This comes from statistical theory. In something like this, the results
would be expected to conform to the so-called "Normal" (aka Gaussian)
distribution, which has this property. To be totally precise, 95% will
fall within plus or minus 1.96 s.d.s. Setting the criterion at 95% is
common in statistics, though rather arbitrary.
--
John Hall

"The beatings will continue until morale improves."
Attributed to the Commander of Japan's Submarine Forces in WW2

### error bands on averages (or, why averages are pretty useless)

Quote:

>--snip--

>> Let's assume that a bowler has an 'actual' average of 30 runs per
>> wicket.  Let's say that over his career he bowls 12000 balls and
>> concedes one run every two balls.  He would concede 6000 runs in his
>> career.  If his bowling truly reflected his average then he would take
>> 200 wickets.

>> An average of 30 means that on any ball he has a probability of
>> 200/12000 = 1/60 of taking a wicket.

>> The error for the result from a simple probability distribution can be
>> represented by the standard deviation, which is given by:

>> s.d. = square root of p*(1-p)*n

>> where p = probability of a wicket (1/60) and n = number of
>> observations (12000).

>> Therefore:  s.d. = sqrt of 1/60*59/60*12000 = 14

>> Now, we expect that 95% of all cases the actual result will fall
>> within two standard deviations of the average result.
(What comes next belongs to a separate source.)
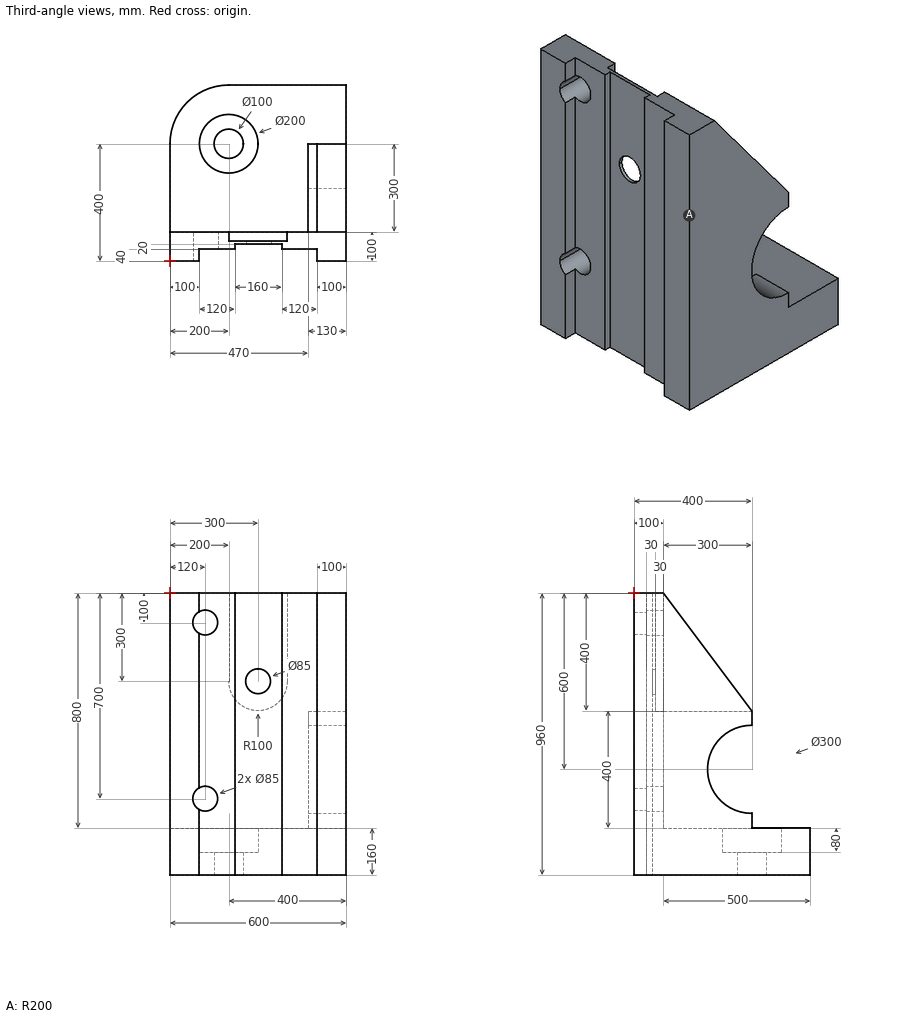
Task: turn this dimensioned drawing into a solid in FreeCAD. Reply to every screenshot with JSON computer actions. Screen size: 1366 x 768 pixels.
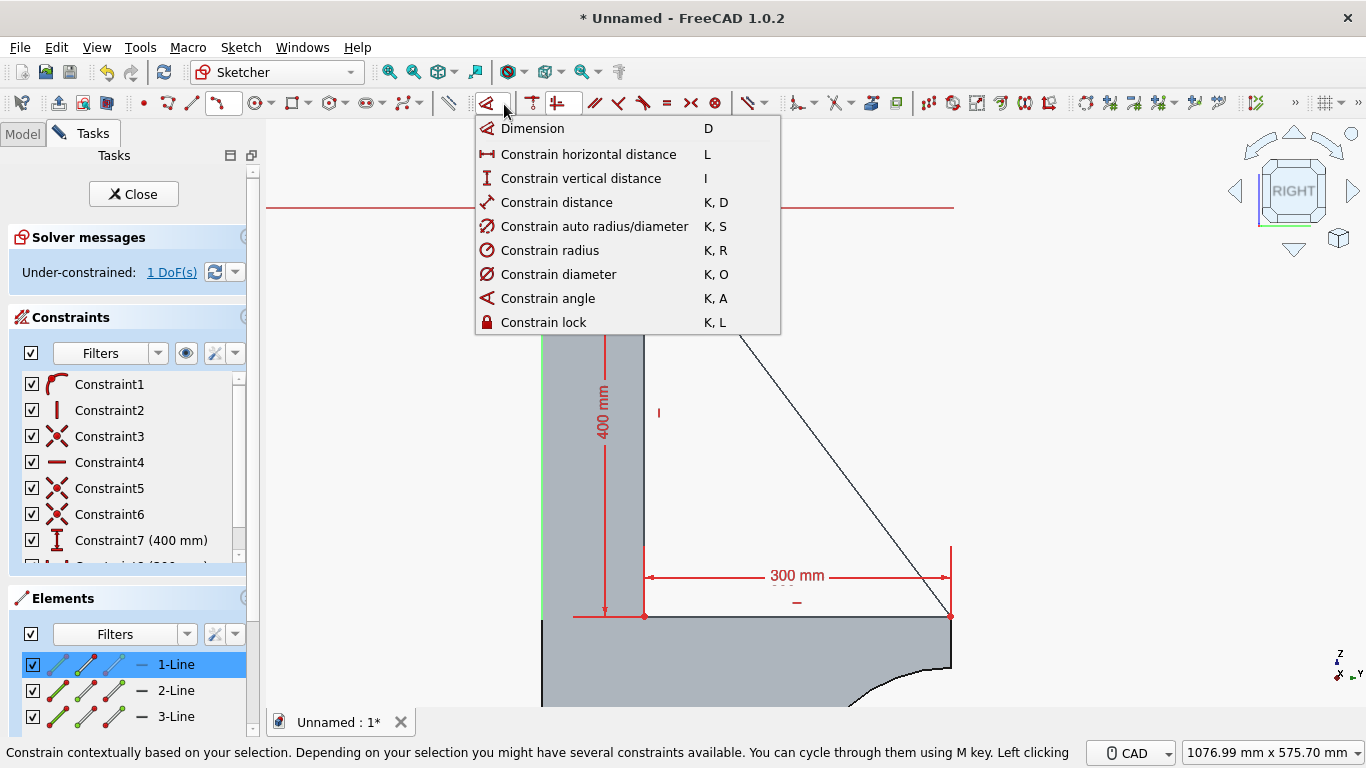
{"action": "left_click", "coordinate": [628, 154]}

>> So, the number of wickets this bowler will take in his career,
>> assuming that his 'true' bowling average is 30, will be somewhere
>> between 172 (200-28) and 228 (200+28).

>> Now, this means that the bowler's career average will be somewhere
>> between 26.3 and 34.9.

>You've gone from a 95% probability to "will be".
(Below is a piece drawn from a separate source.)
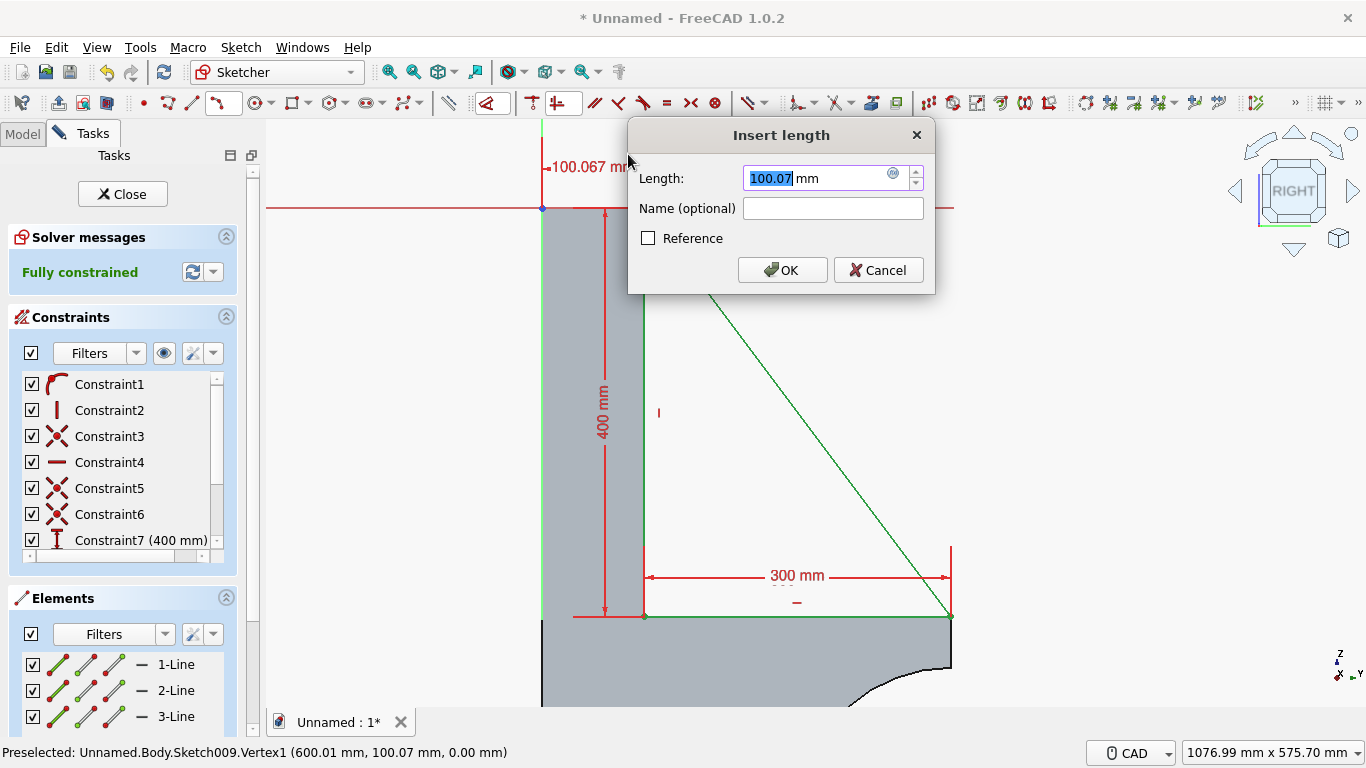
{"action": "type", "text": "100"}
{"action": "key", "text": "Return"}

>Your figures may be correct, but the probability of his average being
>at the extremes of this range
>is much smaller than that of it being nearer 30.
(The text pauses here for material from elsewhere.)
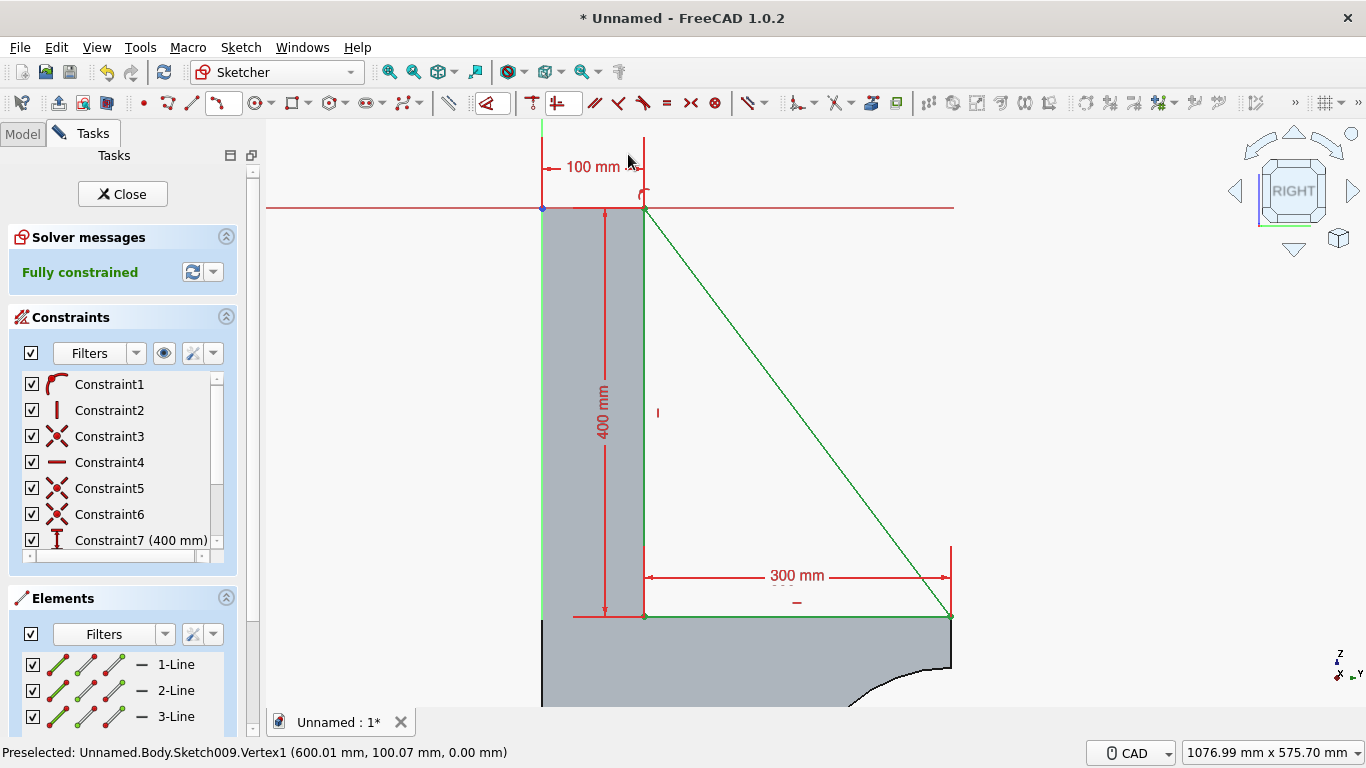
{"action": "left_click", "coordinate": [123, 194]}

>If the probability of one bowler's average falling outside the range is
>5% (2.5% at each end of the
>range), then the probability of two bowlers of the same ability falling
>outside the range at
>opposite ends is 0.025 squared = 0.0625%.

>To get a range where this probability is 1%, you only need a
>probability of 1-(2*sqrt 0.01) = 80% of
>one bowler being within it. What would this range be?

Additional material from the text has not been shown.